What is required:
Calculate how many lines in the following records hold the word "stroke", and report that number without comment.

[[ Records supplied, beginning ]]

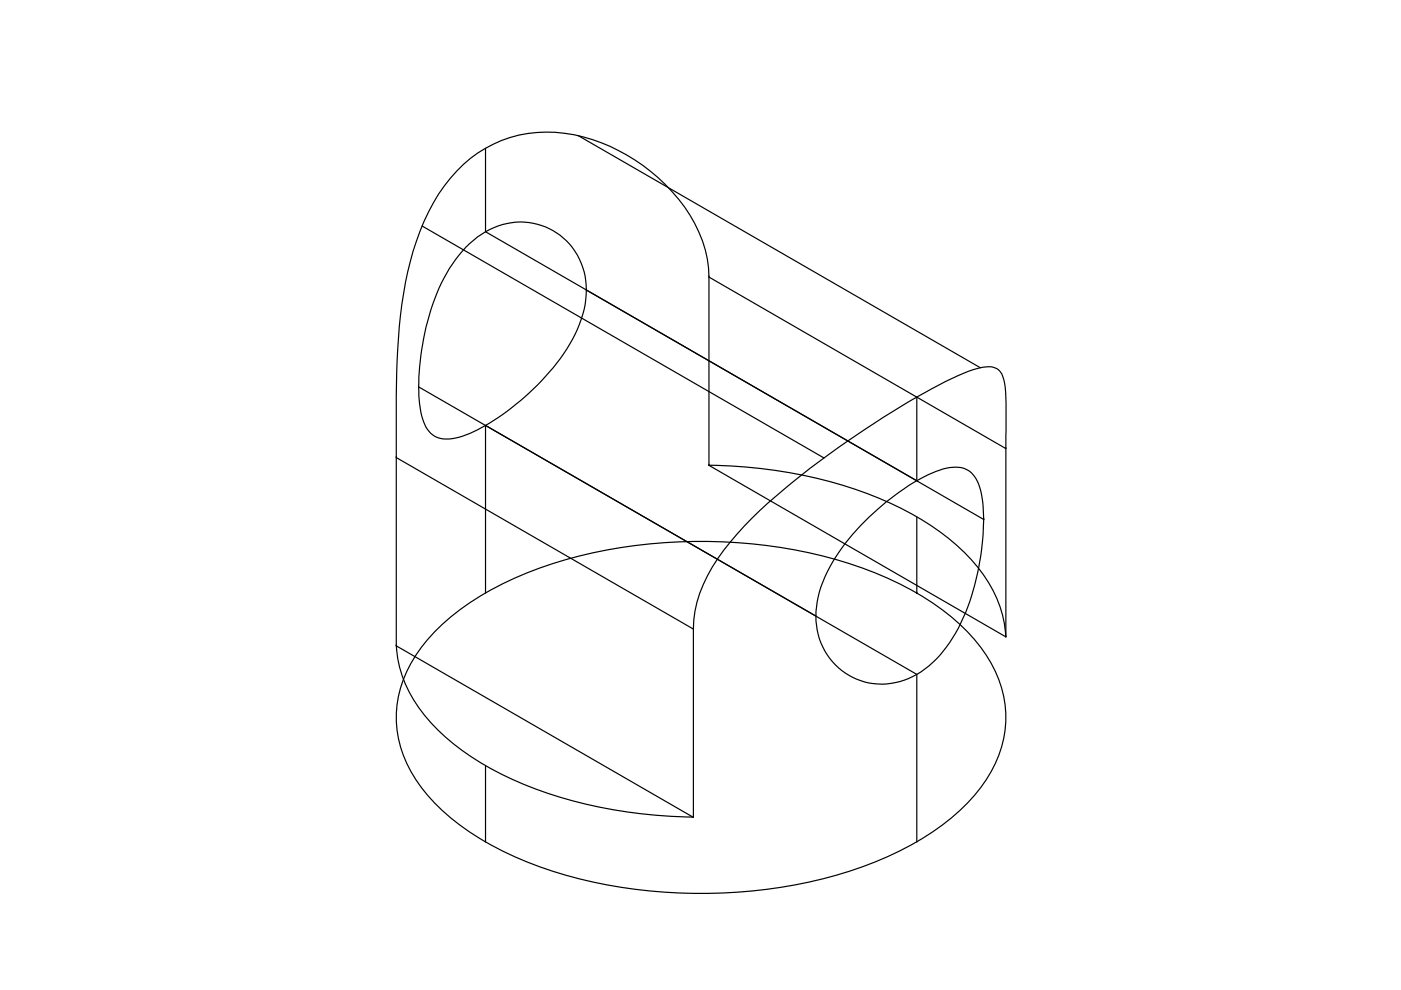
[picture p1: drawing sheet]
<svg xmlns="http://www.w3.org/2000/svg" width="297mm" height="210mm" viewBox="0 0 297 210" stroke-linecap="round" stroke-linejoin="round" font-family="sans-serif">
<!-- layer: 0 -->
<g fill="none" stroke="#000" stroke-width=".25">
<path d="M102.9 31.4v17.7l91.5 52.8v-17.7M122.6 28.8l85.2 49.2M89.5 47.9l85.2 49.2M98.8 52.4a15.4 15.4 0 0 1 15.2-4.8 14.3 14.3 0 0 1 10.2 15.9 28.8 28.8 0 0 1-7.7 15.4 48.3 48.3 0 0 1-18.4 13.6 7.1 7.1 0 0 1-6.4-.3 9 9 0 0 1-2.7-6.5 52.7 52.7 0 0 1 5.1-26.7l1.2-2.1 1.3-1.9zM150.3 58.7h.1M150.3 58.7l63 36.4M124.3 61.5h.1M124.3 61.5l84.3 48.6M84 97h.1M84 97l63 36.4M88.8 82l105.6 61v35.5M102.9 90.2v35.6"/>
<path d="M150.3 98.6a95.6 95.6 0 0 1 41.1 9.4 45 45 0 0 1 18 15.2 24.3 24.3 0 0 1 3.8 11.8M150.3 98.7v-40a26.8 26.8 0 0 0-7.8-18.1 38.1 38.1 0 0 0-24.8-12.5 26.5 26.5 0 0 0-23.5 11.3 52.2 52.2 0 0 0-8.6 22.8 170.5 170.5 0 0 0-1.6 28.6v46.1M150.3 98.7h.1M150.3 98.7l63 36.3M213.3 95.1h.1M182.4 111.4a49.4 49.4 0 0 1 16.1-11.5 8.6 8.6 0 0 1 6.3-.4 6.2 6.2 0 0 1 3.1 4.5 43.2 43.2 0 0 1-.7 17.6 39.5 39.5 0 0 1-8 17.4 16.1 16.1 0 0 1-15 5.8 14.4 14.4 0 0 1-10.9-17.2 31.7 31.7 0 0 1 8.3-15.3zM194.4 109.6v16.2M208.6 110.1h.1M84 136.9h.1M84 136.9l63 36.4M84 136.9a27.1 27.1 0 0 0 9.1 18.1 60.7 60.7 0 0 0 22.5 13 101.8 101.8 0 0 0 31.4 5.2M92.4 133.7a60.8 60.8 0 0 1 24.3-14 106.5 106.5 0 0 1 67.5 1.2 54.9 54.9 0 0 1 22.6 14.9 24.3 24.3 0 0 1 5.9 21.1 29.5 29.5 0 0 1-10.1 15.7 66.8 66.8 0 0 1-25.8 13.1 106.8 106.8 0 0 1-63.7-2.4 54.9 54.9 0 0 1-22.6-14.9 24.3 24.3 0 0 1-6-21.1 28.4 28.4 0 0 1 7.9-13.6z"/>
<path d="M147 133.4h.1M194.4 125.8h.1M213.3 135v-43.5a58.6 58.6 0 0 0-.5-11 3.1 3.1 0 0 0-3.8-2.7 35.6 35.6 0 0 0-11.5 4.7 198.4 198.4 0 0 0-36.4 25.8 56.7 56.7 0 0 0-11.1 13.7 23.6 23.6 0 0 0-3 11.4v39.9M213.3 135h.1M102.9 162.4v16.1M147 173.3h.1"/>
</g>
</svg>

[[ Records supplied, end ]]

Solution to the problem:
2